Agenda item

Overview of the Adult Social Care Market

To consider the submitted report which provides an overview of the adult social care market.

Minutes:

The Sub?Board noted the Overview of the Adult Social Care Market report, which provided an update on the quality, capacity and sustainability of Adult Social Care provision in Torbay, including workforce issues across residential, nursing, supported living and domiciliary care.

 

Members discussed provision for people living with dementia. It was noted that a significant number of care homes continued to support people with dementia. The Divisional Director of Adult Social Care advised that earlier awareness and diagnosis were important in supporting prevention, enabling family support and facilitating alternative community?based or home support options before admission to residential care became necessary.

 

The Sub?Board queried whether training for care staff was regulated. Officers advised that training should be accredited and that the Care Quality Commission (CQC) was responsible for the registration and regulation of care homes, including compliance with training requirements. The Divisional Director of Adult Social Care confirmed that while care providers were not regulated directly by the Council, they were required to be registered with the CQC as part of the Council’s contracting and quality assurance processes, and the Council became involved where safeguarding concerns arose.

 

Members sought clarification on the Living Well at Home domiciliary care arrangements and whether these operated under a contract. Officers explained that the Living Well at Home offer operated through a Framework, which providers could join. When care was required, the brokerage team identified needs through assessment and issued requirements to providers on the Framework to secure appropriate care.

 

Members were reminded that assessments were undertaken in line with the Care Act 2014, and that where an individual was assessed as having eligible needs under the Act, they would receive services to meet those needs in line with statutory duties.

 

The Sub?Board discussed the Jack Sears House model and queried whether it was being sufficiently promoted. Members expressed the view that the approach was strong and should be more actively championed. Officers acknowledged that greater emphasis was required to ensure people were supported to return to their own homes where appropriate. It was noted that the CQC report reinforced the importance of this approach and that, regardless of the future of the Section 75 arrangements, the core principle of protecting and promoting independence remained central. Officers also referenced the NHS 10?Year Plan, which reinforced the need to equip people with the tools to maintain independence.

 

Members queried how the Council assured itself that care homes were following their own procedures and meeting wider health needs, such as dental care.

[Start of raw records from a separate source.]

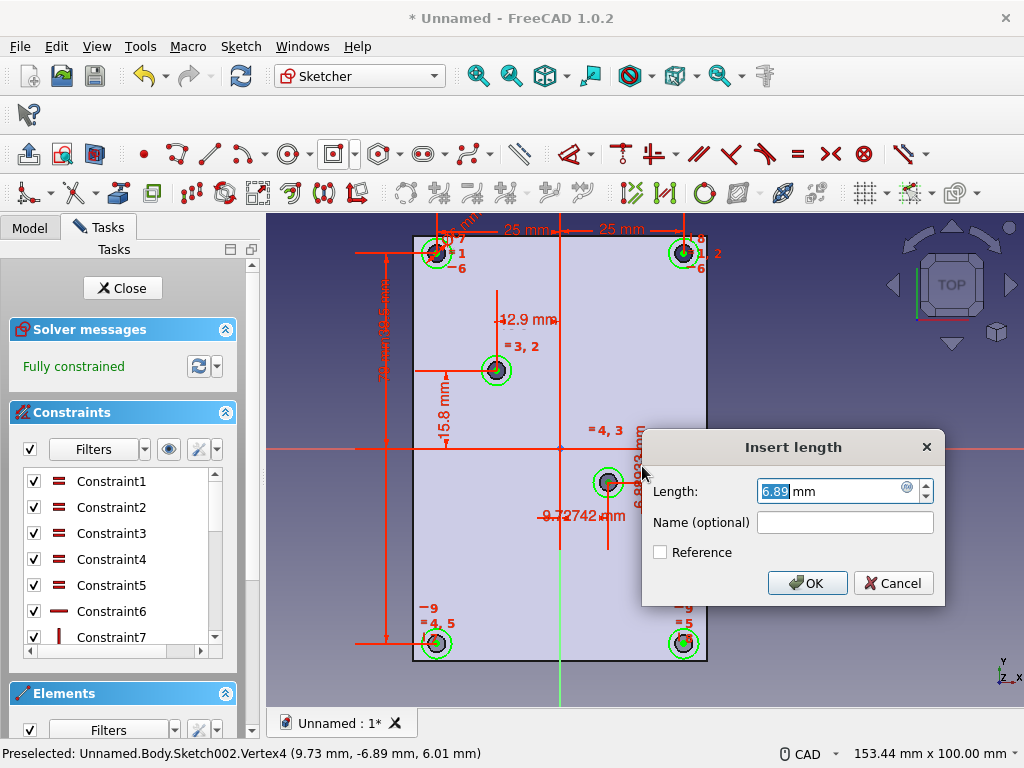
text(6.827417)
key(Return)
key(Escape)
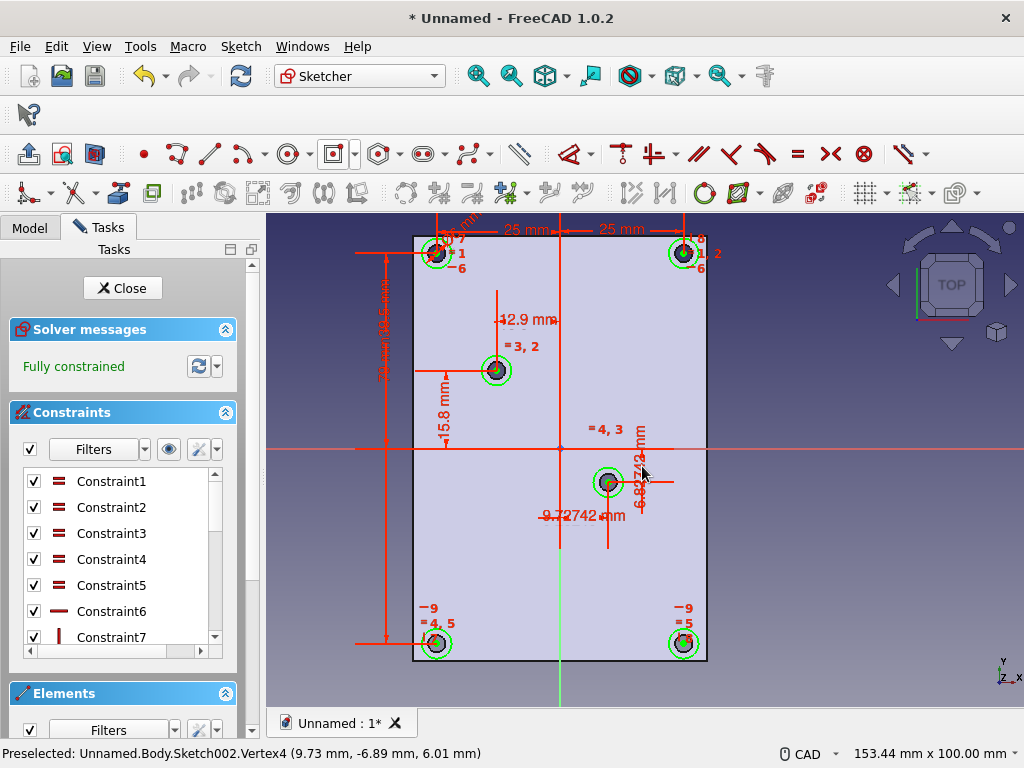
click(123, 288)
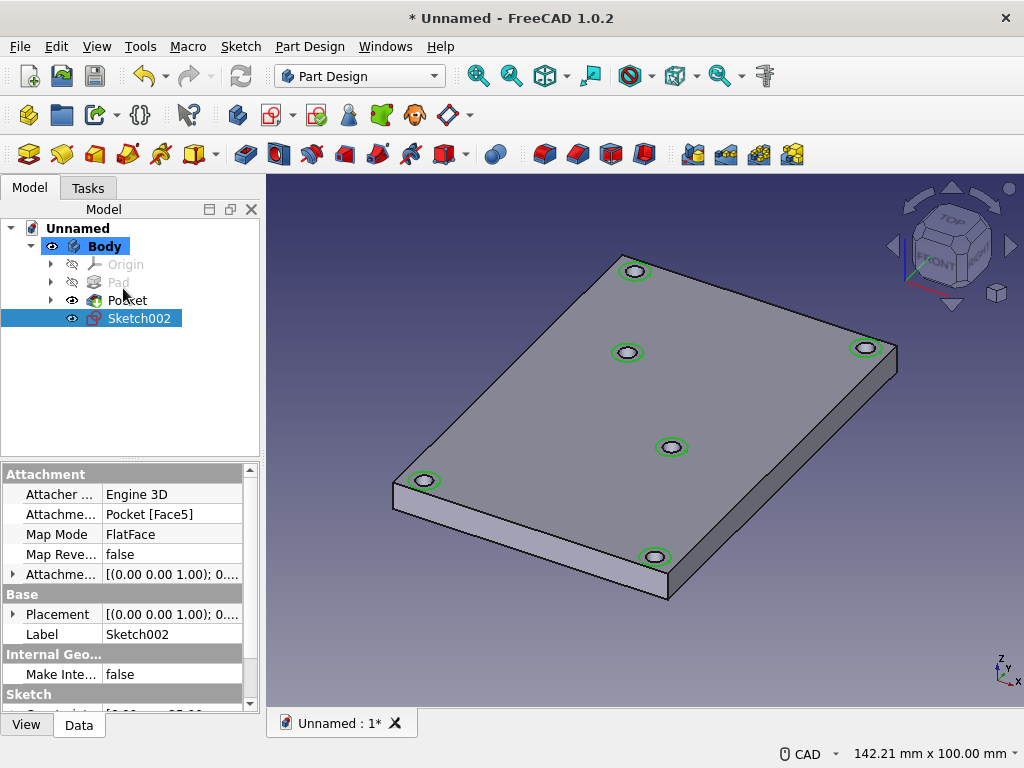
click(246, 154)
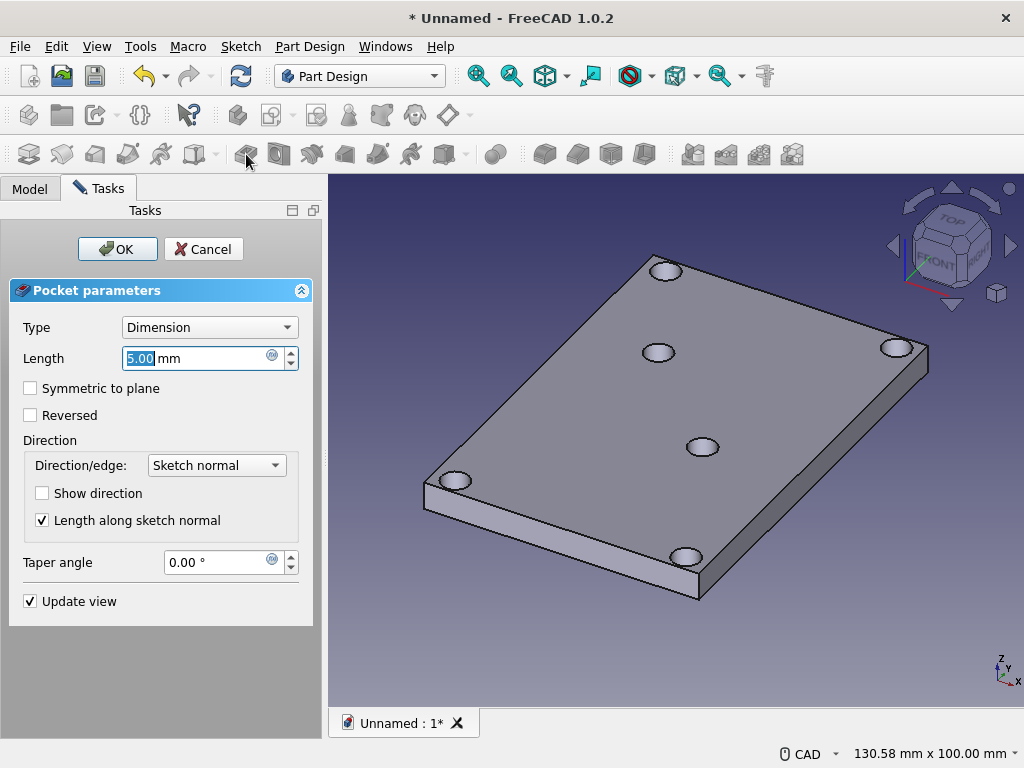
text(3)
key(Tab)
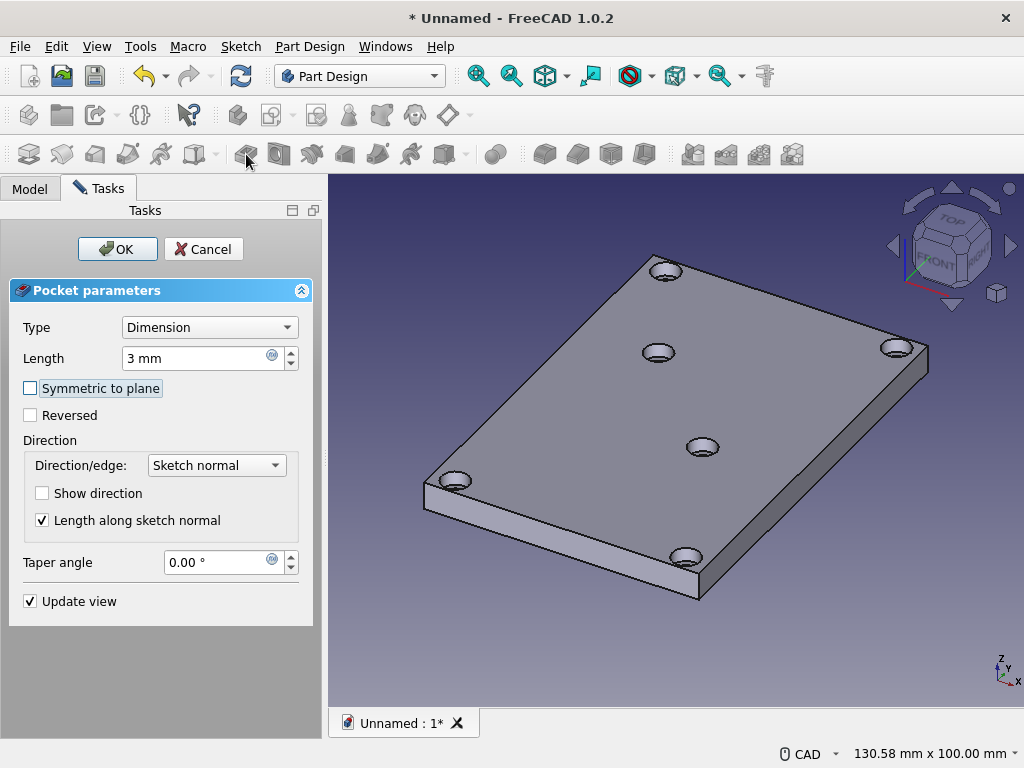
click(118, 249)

The Divisional Director of Adult Social Care advised that where a person was at risk of harm or abuse, this would be addressed through safeguarding processes. Where concerns related to failure to provide routine care, this might constitute a CQC regulatory matter. Where issues related to access to services, such as dentistry, responsibility could sit with the Integrated Care Board (ICB). It was noted that Healthwatch received significant feedback regarding access to dentistry generally, though not specifically from care home residents, and Members were encouraged to direct relevant concerns to Healthwatch to support wider monitoring.

 

The Sub?Board discussed nutrition, particularly in the context of dementia and Alzheimer’s disease. The Divisional Director of Adult Social Care advised that under the Care Act the Council’s responsibility related to ensuring individuals were supported to eat and drink, rather than determining the nutritional content of their diet. It was acknowledged that there was no specific system wide focus on nutrition in relation to dementia. Officers confirmed that individuals retained choice and control over what food they purchased and consumed.

 

Workforce challenges were discussed, including staff turnover. Officers advised that turnover often reflected staff moving between providers rather than leaving the sector entirely. Members were informed that reliance on overseas workers presented a risk to workforce stability, particularly given recent changes to immigration arrangements.

 

Actions:

 

1) that the Chair of the Adult Social Care and Health Overview and Scrutiny Sub-Board write to the Integrated Care Board to request that they attend to discuss dentistry access for care home residents and those in supported living.  In addition, the Divisional Director for Adult Social Care identify the responsible bodies for other services such as opticians and chiropody in order for the Chair of the Adult Social Care and Health Overview and Scrutiny Sub-Board to write to them seeking details as to how care home residents access these services; and

 

2) that the Director of Public Health attend a future meeting of the Adult Social Care and Health Overview and Scrutiny Board to present to Members Public Health activities regarding healthy weight/nutrition with a focus on older people.